# +++ Türchen 21 +++



## daci7 (21. Dezember 2022)

Ahhh ... jetzt mach ich auch mal mit bei der großen Tombola! 
Ich würde die Rolle an eine leichte Barschflitsche schrauben und in der kommenden Saison entsprechend nutzen.


----------



## Rheinangler (21. Dezember 2022)

Ich liebe Lighttackle auf Pollack und Meerforelle vom Boot in Norwegen - da käme mir die Rolle sehr gelegen. Aber natürlich auch für heimische Barsche


----------



## Mooskugel (21. Dezember 2022)

An einer Barsch Rute wäre die gut aufgehoben


----------



## Gert-Show (21. Dezember 2022)

Wow! Mit 12 Kilo Bremskraft wird sie mich sicher bei der OCC 2023 unterstützen.


----------



## masu1963 (21. Dezember 2022)

Nö - schreib ich nicht - gewinne ja eh nichts


----------



## Roy Digerhund (21. Dezember 2022)

Ich würde die Rolle zum Barschangeln nutzen.


----------



## Mikaslav (21. Dezember 2022)

Direkt bei uns im heimischen Gewässer auf Barsche ...


----------



## Professor Tinca (21. Dezember 2022)

An einer leichten Spinnrute oder evtl. auch an einer leichten Feederrute.


----------



## Jonny1985 (21. Dezember 2022)

Ich würde die Rute zum Barschangeln in Hamburg erfolgreich einsetzen


----------



## JaKla (21. Dezember 2022)

Ich würde mit ne schöne Forellenrute damit bauen.


----------



## Racklinger (21. Dezember 2022)

Damit würde ich doch glatt mal wieder auf Barsch gehen.


----------



## KadeTTHH (21. Dezember 2022)

Wäre super für die Angelei auf der Ostsee, aber auch für Bille und Elbe geeignet.


----------



## hanzz (21. Dezember 2022)

Anglerboard Redaktion schrieb:


> Mikromodul-Krone


Die Mikromodul-Krone reizt mich so sehr, dass ich damit auf Barsch fischen möchte.

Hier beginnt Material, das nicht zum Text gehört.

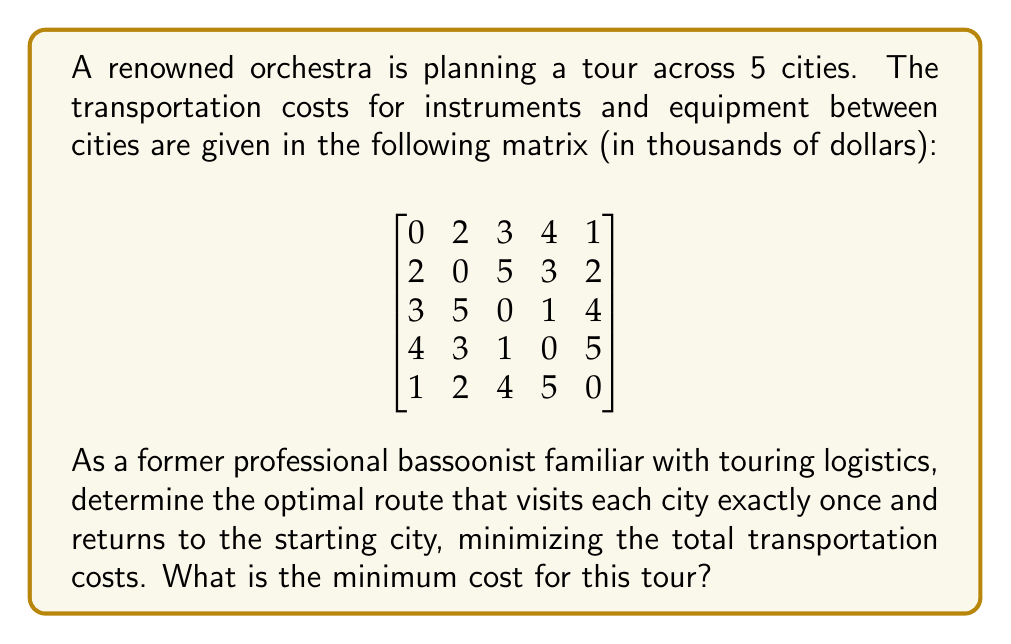Teach me how to tackle this problem. To solve this problem, we need to find the optimal Hamiltonian cycle in the given graph, which is known as the Traveling Salesman Problem (TSP). For a small number of cities like this, we can use the brute-force method to find the optimal solution.

Steps to solve:

1. List all possible permutations of the 5 cities (excluding the starting city, as we'll always start and end at the same city).

2. For each permutation, calculate the total cost by summing the costs between consecutive cities and adding the cost of returning to the starting city.

3. Compare all calculated costs and find the minimum.

Let's number the cities from 0 to 4. We have 4! = 24 possible permutations to check.

Some example calculations:

- Route 0-1-2-3-4-0: Cost = 2 + 5 + 1 + 5 + 1 = 14
- Route 0-2-1-3-4-0: Cost = 3 + 5 + 3 + 5 + 1 = 17
- Route 0-3-2-1-4-0: Cost = 4 + 1 + 5 + 2 + 1 = 13

After checking all permutations, we find that the minimum cost is 13, which can be achieved by multiple routes, including:

- 0-3-2-1-4-0
- 0-4-1-2-3-0

Both of these routes (and their reverses) give the minimum cost of 13 thousand dollars.
Answer: The minimum transportation cost for the tour is $13,000.

Sieht aber so aus, als wenn kein Hebel für die Rücklaufsperre mehr vorhanden ist.

Dann überleg ich mir es nochmal


----------



## MarkusD_08 (21. Dezember 2022)

Zum leichteren Spinnfischen.


----------



## Mescalero (21. Dezember 2022)

Sehr gut! 2000er geht für fast alles. Ich gehe nachher gleich "bomb fishing" mit einer superfiligranen Rute, die mit einer Rolle in dieser Größe wunderbar ausbalanciert ist. 

Farblich würde sie auch gut zu meiner Shimano Nexave passen, bissl groß vielleicht.


----------



## captn-ahab (21. Dezember 2022)

Klare Sache: Barschangeln


----------



## Aalzheimer (21. Dezember 2022)

Suche immer noch was Neues für das neue Strolchprojekt


----------



## hanzz (21. Dezember 2022)

Aalzheimer schrieb:


> Suche immer noch was Neues für das neue Strolchprojekt


zu klein dafür.


----------



## Spaßfischer (21. Dezember 2022)

Barschrute


----------



## FischerKing (21. Dezember 2022)

Die käme an meine Alround Spinnrute für Forelle sowie das frei Leine Angeln auf Döbel und Karpfen


----------



## Sepp Meier (21. Dezember 2022)

An der zarten Zanderrute!


----------



## litzbarski (21. Dezember 2022)

ich würde damit Barsch und Zander fangen wollen ...


----------



## laraque (21. Dezember 2022)

Würde die Rolle an meine leichte Barschrute schrauben und meiner Ninja ab und an mal eine Pause gönnen.


----------



## alter Neusser (21. Dezember 2022)

Also wenn sie was taugt auf Barsch...... naja wenn sie nix taugt kann man sie ja verfeuern ist ja aus Grafit


----------



## Angler9999 (21. Dezember 2022)

An meiner Barschrute macht die sich bestimmt sehr gut.


----------



## Kehrinho (21. Dezember 2022)

Ich würde sie zum Forellen angeln nutzen


----------



## Nuesse (21. Dezember 2022)

masu1963 schrieb:


> Nö - schreib ich nicht - gewinne ja eh nichts


Mitleidsnummer zieht hier nicht ,hab ich auch schon versucht.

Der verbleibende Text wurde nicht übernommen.